Camillus de Lellis was born in 1550 at Bucchianico (now in Abruzzo and then part of the Kingdom of Naples). His was an unusual family life; his mother was nearly 50 when she gave birth to him and his father, being an army officer, was rarely at home. Camillus’s mother died when he was aged 16 and he joined his father in the Venetian army fighting in the war against the Turks.
After his regiment was disbanded, the young De Lellis was forced to work as a labourer at the Capuchin friary at Manfredonia.
Although he was prone to aggression and gambling, the guardian of the friary encouraged the best in him. Eventually De Lellis
had a religious conversion in 1575. He entered the novitiate of the Capuchin friars but a leg wound from the war continuously plagued him and he was denied admission to that Order.
He moved to Rome and entered the Hospital of St James where he eventually became a caregiver and later the director. De Lellis was eventually ordained after discerning that he wanted to found a religious order, with the help of his spiritual director Philip Neri, he was ordained Pentecost 1584 by Lord Thomas Goldwell, Bishop of St Asaph, Wales, and the last surviving Catholic bishop of Great Britain.
De Lellis established the Order of Clerks Regular, Ministers to the Sick, better known as the Camillians, and he also founded a group of healthcare professionals to assist soldiers on the battlefield who wore large red crosses. They were the original Red Cross community who later became the International Red Cross Organisation.

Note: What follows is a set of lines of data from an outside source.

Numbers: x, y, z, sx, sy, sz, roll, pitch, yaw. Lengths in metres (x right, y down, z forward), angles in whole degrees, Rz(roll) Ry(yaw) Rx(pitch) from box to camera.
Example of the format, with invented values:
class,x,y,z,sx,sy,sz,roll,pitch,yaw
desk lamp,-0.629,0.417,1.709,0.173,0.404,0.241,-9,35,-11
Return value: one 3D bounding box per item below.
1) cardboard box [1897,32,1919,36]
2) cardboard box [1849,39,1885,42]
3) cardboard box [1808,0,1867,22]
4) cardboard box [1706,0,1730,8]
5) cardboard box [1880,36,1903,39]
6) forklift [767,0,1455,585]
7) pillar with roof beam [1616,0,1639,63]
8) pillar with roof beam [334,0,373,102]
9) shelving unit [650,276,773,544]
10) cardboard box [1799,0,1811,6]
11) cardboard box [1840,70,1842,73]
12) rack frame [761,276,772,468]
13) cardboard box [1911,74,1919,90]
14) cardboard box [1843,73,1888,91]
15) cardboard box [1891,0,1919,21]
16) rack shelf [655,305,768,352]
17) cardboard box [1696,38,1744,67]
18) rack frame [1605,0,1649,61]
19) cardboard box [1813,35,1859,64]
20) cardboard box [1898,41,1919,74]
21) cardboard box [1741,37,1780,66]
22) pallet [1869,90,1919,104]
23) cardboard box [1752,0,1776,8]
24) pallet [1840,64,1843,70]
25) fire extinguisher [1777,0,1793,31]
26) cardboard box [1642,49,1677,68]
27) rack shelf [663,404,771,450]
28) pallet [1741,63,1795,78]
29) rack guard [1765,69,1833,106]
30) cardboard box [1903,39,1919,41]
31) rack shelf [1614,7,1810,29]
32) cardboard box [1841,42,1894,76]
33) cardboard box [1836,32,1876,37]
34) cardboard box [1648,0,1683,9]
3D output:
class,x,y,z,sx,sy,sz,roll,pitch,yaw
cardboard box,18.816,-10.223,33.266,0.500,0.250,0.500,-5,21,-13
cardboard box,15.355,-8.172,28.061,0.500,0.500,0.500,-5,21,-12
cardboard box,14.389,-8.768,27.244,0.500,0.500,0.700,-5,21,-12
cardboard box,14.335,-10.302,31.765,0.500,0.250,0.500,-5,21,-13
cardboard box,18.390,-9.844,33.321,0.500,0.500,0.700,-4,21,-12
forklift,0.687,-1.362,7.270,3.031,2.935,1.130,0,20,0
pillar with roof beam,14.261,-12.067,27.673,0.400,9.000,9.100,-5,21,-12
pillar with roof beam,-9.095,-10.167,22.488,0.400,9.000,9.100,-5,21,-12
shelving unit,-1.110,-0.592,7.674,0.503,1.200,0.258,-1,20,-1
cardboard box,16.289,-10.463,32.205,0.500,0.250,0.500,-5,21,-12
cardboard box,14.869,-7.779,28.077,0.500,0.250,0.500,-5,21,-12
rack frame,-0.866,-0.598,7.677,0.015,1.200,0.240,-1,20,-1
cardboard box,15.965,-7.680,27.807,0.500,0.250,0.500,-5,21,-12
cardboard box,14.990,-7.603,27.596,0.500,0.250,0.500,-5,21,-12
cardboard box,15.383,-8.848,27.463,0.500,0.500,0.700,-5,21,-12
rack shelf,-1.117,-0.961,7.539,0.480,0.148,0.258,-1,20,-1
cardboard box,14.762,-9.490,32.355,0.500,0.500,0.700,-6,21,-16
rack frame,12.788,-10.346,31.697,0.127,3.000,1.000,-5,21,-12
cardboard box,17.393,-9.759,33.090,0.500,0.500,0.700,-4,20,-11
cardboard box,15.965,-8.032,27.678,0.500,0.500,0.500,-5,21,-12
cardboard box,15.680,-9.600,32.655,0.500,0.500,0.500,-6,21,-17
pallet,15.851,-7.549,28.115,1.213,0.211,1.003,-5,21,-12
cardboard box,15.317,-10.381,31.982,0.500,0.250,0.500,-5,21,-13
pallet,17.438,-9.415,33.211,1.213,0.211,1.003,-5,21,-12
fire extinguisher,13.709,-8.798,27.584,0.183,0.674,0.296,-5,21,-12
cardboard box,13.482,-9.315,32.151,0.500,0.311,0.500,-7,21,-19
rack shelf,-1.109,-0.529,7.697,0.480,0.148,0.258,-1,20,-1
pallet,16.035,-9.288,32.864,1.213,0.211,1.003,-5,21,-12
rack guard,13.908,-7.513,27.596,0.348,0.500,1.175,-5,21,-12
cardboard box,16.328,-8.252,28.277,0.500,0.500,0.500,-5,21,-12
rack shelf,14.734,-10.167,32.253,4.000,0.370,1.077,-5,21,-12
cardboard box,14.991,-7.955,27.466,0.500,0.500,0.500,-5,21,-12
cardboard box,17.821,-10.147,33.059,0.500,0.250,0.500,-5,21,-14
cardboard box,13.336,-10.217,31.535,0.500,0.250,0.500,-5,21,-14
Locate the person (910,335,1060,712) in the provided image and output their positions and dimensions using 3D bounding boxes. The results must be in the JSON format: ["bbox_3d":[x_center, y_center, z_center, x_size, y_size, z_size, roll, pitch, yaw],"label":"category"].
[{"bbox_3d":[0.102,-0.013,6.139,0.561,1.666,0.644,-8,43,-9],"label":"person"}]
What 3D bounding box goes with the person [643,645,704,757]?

During the Battle of Canizza in 1601 the Camillians’s tent was burned to the ground and everything was destroyed except the red cross of a religious habit belonging to one of their number. The Camillians interpreted this event as divine approval of the Red Cross of St Camillus.
In 1586 Pope Sixtus V formally recognised the Order as a congregation and allocated them the Church of St Mary Magdalene in Rome. Pope Gregory XV raised the congregation to the status of an order in 1591. At this point they established their fourth vow: “to serve the sick, even with danger to one’s own life”.
Although De Lellis was infirm himself he would crawl in order to visit the sick when unable to walk. He eventually died in Rome in 1614 and was entombed at the Church of St Mary Magdalene.